MLflow provides different types of judges to address different evaluation needs:
I want to try evaluation quickly and get some results fast.
→ Use Built-in Judges to get started.
I want to evaluate my application with a simple natural language criteria, such as "The response must be polite".
→ Use Guidelines-based Judges.
I want to use more advanced prompt for evaluating my application.
→ Use Prompt-based Judges.
I want to dump the entire trace to the scorer and get detailed insights from it.
→ Use Trace-Based Judges.
I want to write my own code for evaluating my application. Other scorers don't fit my advanced needs.
→ Use Code-based Scorers to implement your own evaluation logic with Python.

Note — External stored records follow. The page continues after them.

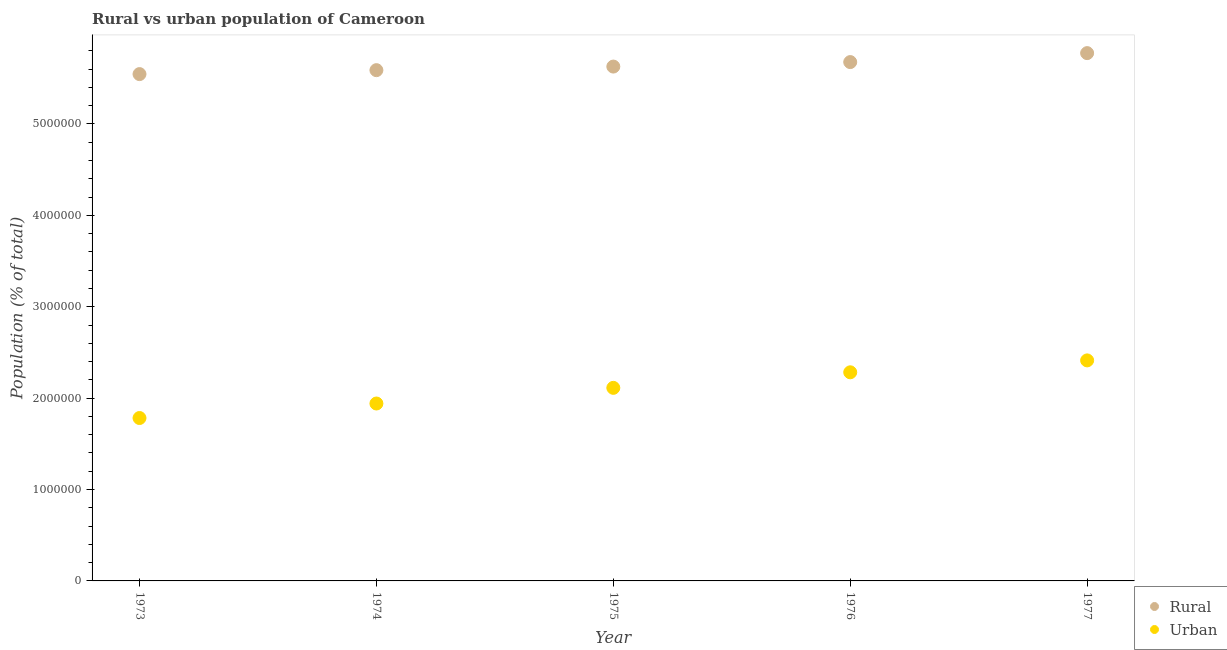What is the urban population density in 1974?
Offer a very short reply. 1.94e+06. Across all years, what is the maximum rural population density?
Provide a short and direct response. 5.77e+06. Across all years, what is the minimum rural population density?
Keep it short and to the point. 5.55e+06. In which year was the rural population density minimum?
Give a very brief answer. 1973. What is the total rural population density in the graph?
Your response must be concise. 2.82e+07. What is the difference between the rural population density in 1974 and that in 1977?
Make the answer very short. -1.86e+05. What is the difference between the urban population density in 1976 and the rural population density in 1977?
Keep it short and to the point. -3.49e+06. What is the average rural population density per year?
Keep it short and to the point. 5.64e+06. In the year 1977, what is the difference between the rural population density and urban population density?
Your answer should be compact. 3.36e+06. What is the ratio of the urban population density in 1973 to that in 1975?
Ensure brevity in your answer.  0.84. Is the difference between the rural population density in 1974 and 1975 greater than the difference between the urban population density in 1974 and 1975?
Your response must be concise. Yes. What is the difference between the highest and the second highest urban population density?
Offer a terse response. 1.30e+05. What is the difference between the highest and the lowest urban population density?
Provide a short and direct response. 6.30e+05. In how many years, is the urban population density greater than the average urban population density taken over all years?
Give a very brief answer. 3. Is the sum of the rural population density in 1973 and 1975 greater than the maximum urban population density across all years?
Provide a succinct answer. Yes. Are the values on the major ticks of Y-axis written in scientific E-notation?
Give a very brief answer. No. Does the graph contain any zero values?
Provide a succinct answer. No. How many legend labels are there?
Your response must be concise. 2. How are the legend labels stacked?
Your answer should be very brief. Vertical. What is the title of the graph?
Keep it short and to the point. Rural vs urban population of Cameroon. What is the label or title of the X-axis?
Your answer should be very brief. Year. What is the label or title of the Y-axis?
Your answer should be very brief. Population (% of total). What is the Population (% of total) in Rural in 1973?
Offer a very short reply. 5.55e+06. What is the Population (% of total) of Urban in 1973?
Make the answer very short. 1.78e+06. What is the Population (% of total) in Rural in 1974?
Your answer should be compact. 5.59e+06. What is the Population (% of total) of Urban in 1974?
Your answer should be very brief. 1.94e+06. What is the Population (% of total) in Rural in 1975?
Your response must be concise. 5.63e+06. What is the Population (% of total) of Urban in 1975?
Your answer should be very brief. 2.11e+06. What is the Population (% of total) in Rural in 1976?
Offer a terse response. 5.68e+06. What is the Population (% of total) of Urban in 1976?
Offer a very short reply. 2.28e+06. What is the Population (% of total) of Rural in 1977?
Make the answer very short. 5.77e+06. What is the Population (% of total) in Urban in 1977?
Provide a short and direct response. 2.41e+06. Across all years, what is the maximum Population (% of total) of Rural?
Keep it short and to the point. 5.77e+06. Across all years, what is the maximum Population (% of total) of Urban?
Ensure brevity in your answer.  2.41e+06. Across all years, what is the minimum Population (% of total) in Rural?
Offer a very short reply. 5.55e+06. Across all years, what is the minimum Population (% of total) in Urban?
Provide a short and direct response. 1.78e+06. What is the total Population (% of total) of Rural in the graph?
Your answer should be very brief. 2.82e+07. What is the total Population (% of total) of Urban in the graph?
Your response must be concise. 1.05e+07. What is the difference between the Population (% of total) of Rural in 1973 and that in 1974?
Your answer should be compact. -4.31e+04. What is the difference between the Population (% of total) of Urban in 1973 and that in 1974?
Your answer should be very brief. -1.59e+05. What is the difference between the Population (% of total) in Rural in 1973 and that in 1975?
Make the answer very short. -8.23e+04. What is the difference between the Population (% of total) in Urban in 1973 and that in 1975?
Your answer should be very brief. -3.30e+05. What is the difference between the Population (% of total) in Rural in 1973 and that in 1976?
Make the answer very short. -1.31e+05. What is the difference between the Population (% of total) of Urban in 1973 and that in 1976?
Give a very brief answer. -5.00e+05. What is the difference between the Population (% of total) of Rural in 1973 and that in 1977?
Your answer should be compact. -2.30e+05. What is the difference between the Population (% of total) in Urban in 1973 and that in 1977?
Provide a short and direct response. -6.30e+05. What is the difference between the Population (% of total) in Rural in 1974 and that in 1975?
Your answer should be very brief. -3.92e+04. What is the difference between the Population (% of total) of Urban in 1974 and that in 1975?
Keep it short and to the point. -1.71e+05. What is the difference between the Population (% of total) of Rural in 1974 and that in 1976?
Provide a short and direct response. -8.83e+04. What is the difference between the Population (% of total) of Urban in 1974 and that in 1976?
Provide a succinct answer. -3.41e+05. What is the difference between the Population (% of total) of Rural in 1974 and that in 1977?
Keep it short and to the point. -1.86e+05. What is the difference between the Population (% of total) of Urban in 1974 and that in 1977?
Give a very brief answer. -4.72e+05. What is the difference between the Population (% of total) in Rural in 1975 and that in 1976?
Provide a short and direct response. -4.91e+04. What is the difference between the Population (% of total) of Urban in 1975 and that in 1976?
Your answer should be compact. -1.70e+05. What is the difference between the Population (% of total) in Rural in 1975 and that in 1977?
Offer a terse response. -1.47e+05. What is the difference between the Population (% of total) in Urban in 1975 and that in 1977?
Offer a very short reply. -3.00e+05. What is the difference between the Population (% of total) of Rural in 1976 and that in 1977?
Keep it short and to the point. -9.81e+04. What is the difference between the Population (% of total) of Urban in 1976 and that in 1977?
Make the answer very short. -1.30e+05. What is the difference between the Population (% of total) of Rural in 1973 and the Population (% of total) of Urban in 1974?
Offer a very short reply. 3.60e+06. What is the difference between the Population (% of total) of Rural in 1973 and the Population (% of total) of Urban in 1975?
Give a very brief answer. 3.43e+06. What is the difference between the Population (% of total) in Rural in 1973 and the Population (% of total) in Urban in 1976?
Your response must be concise. 3.26e+06. What is the difference between the Population (% of total) of Rural in 1973 and the Population (% of total) of Urban in 1977?
Offer a very short reply. 3.13e+06. What is the difference between the Population (% of total) in Rural in 1974 and the Population (% of total) in Urban in 1975?
Make the answer very short. 3.48e+06. What is the difference between the Population (% of total) of Rural in 1974 and the Population (% of total) of Urban in 1976?
Provide a succinct answer. 3.31e+06. What is the difference between the Population (% of total) in Rural in 1974 and the Population (% of total) in Urban in 1977?
Your answer should be compact. 3.18e+06. What is the difference between the Population (% of total) of Rural in 1975 and the Population (% of total) of Urban in 1976?
Your response must be concise. 3.35e+06. What is the difference between the Population (% of total) in Rural in 1975 and the Population (% of total) in Urban in 1977?
Offer a terse response. 3.21e+06. What is the difference between the Population (% of total) in Rural in 1976 and the Population (% of total) in Urban in 1977?
Make the answer very short. 3.26e+06. What is the average Population (% of total) of Rural per year?
Keep it short and to the point. 5.64e+06. What is the average Population (% of total) of Urban per year?
Provide a short and direct response. 2.11e+06. In the year 1973, what is the difference between the Population (% of total) of Rural and Population (% of total) of Urban?
Your answer should be compact. 3.76e+06. In the year 1974, what is the difference between the Population (% of total) of Rural and Population (% of total) of Urban?
Ensure brevity in your answer.  3.65e+06. In the year 1975, what is the difference between the Population (% of total) of Rural and Population (% of total) of Urban?
Keep it short and to the point. 3.52e+06. In the year 1976, what is the difference between the Population (% of total) of Rural and Population (% of total) of Urban?
Your answer should be very brief. 3.39e+06. In the year 1977, what is the difference between the Population (% of total) in Rural and Population (% of total) in Urban?
Make the answer very short. 3.36e+06. What is the ratio of the Population (% of total) in Urban in 1973 to that in 1974?
Offer a terse response. 0.92. What is the ratio of the Population (% of total) in Rural in 1973 to that in 1975?
Give a very brief answer. 0.99. What is the ratio of the Population (% of total) of Urban in 1973 to that in 1975?
Provide a short and direct response. 0.84. What is the ratio of the Population (% of total) in Rural in 1973 to that in 1976?
Provide a short and direct response. 0.98. What is the ratio of the Population (% of total) of Urban in 1973 to that in 1976?
Ensure brevity in your answer.  0.78. What is the ratio of the Population (% of total) in Rural in 1973 to that in 1977?
Your answer should be compact. 0.96. What is the ratio of the Population (% of total) in Urban in 1973 to that in 1977?
Offer a very short reply. 0.74. What is the ratio of the Population (% of total) in Urban in 1974 to that in 1975?
Provide a succinct answer. 0.92. What is the ratio of the Population (% of total) of Rural in 1974 to that in 1976?
Ensure brevity in your answer.  0.98. What is the ratio of the Population (% of total) in Urban in 1974 to that in 1976?
Offer a terse response. 0.85. What is the ratio of the Population (% of total) of Urban in 1974 to that in 1977?
Your response must be concise. 0.8. What is the ratio of the Population (% of total) in Rural in 1975 to that in 1976?
Give a very brief answer. 0.99. What is the ratio of the Population (% of total) in Urban in 1975 to that in 1976?
Your response must be concise. 0.93. What is the ratio of the Population (% of total) of Rural in 1975 to that in 1977?
Provide a succinct answer. 0.97. What is the ratio of the Population (% of total) in Urban in 1975 to that in 1977?
Ensure brevity in your answer.  0.88. What is the ratio of the Population (% of total) of Rural in 1976 to that in 1977?
Make the answer very short. 0.98. What is the ratio of the Population (% of total) of Urban in 1976 to that in 1977?
Your answer should be very brief. 0.95. What is the difference between the highest and the second highest Population (% of total) in Rural?
Your answer should be compact. 9.81e+04. What is the difference between the highest and the second highest Population (% of total) of Urban?
Give a very brief answer. 1.30e+05. What is the difference between the highest and the lowest Population (% of total) in Rural?
Make the answer very short. 2.30e+05. What is the difference between the highest and the lowest Population (% of total) in Urban?
Give a very brief answer. 6.30e+05.

If you are still unsure about which judge to use, you can use the "Ask AI" widget in the bottom right
Code-based scorers
Custom code-based scorers offer the ultimate flexibility to define precisely how your GenAI application's quality is measured. You can define evaluation metrics tailored to your specific business use case, whether based on simple heuristics, advanced logic, or programmatic evaluations.
Use custom scorers for the following scenarios:
- Defining a custom heuristic or code-based evaluation metric.
- Customizing how the data from your app's trace is mapped to built-in LLM judges.
- Using your own LLM for evaluation.
- Any other use cases where you need more flexibility and control than provided by custom LLM judges.
See Create custom code-based scorers.
How to Write a Good Judge?
In practice, out-of-the-box judges such as 'Groundedness' or 'Safety' struggle to understand your domain-specific data and criteria. Successful practitioners analyze real data to uncover domain-specific failure modes and then define custom evaluation criteria from the ground up. Here is the general workflow of how to define a good judge and iterate on it with MLflow.
Generate traces or collect them from production
Gather human feedback
Error analysis
To organize traces into error categories, use Trace Tag to label and filter traces.
Translate failure modes into Judges
Align judges with human feedback.
As you iterate on the judge, version control becomes important. MLflow can track Judge Versions to help you maintain changes and share the improved judges with your team.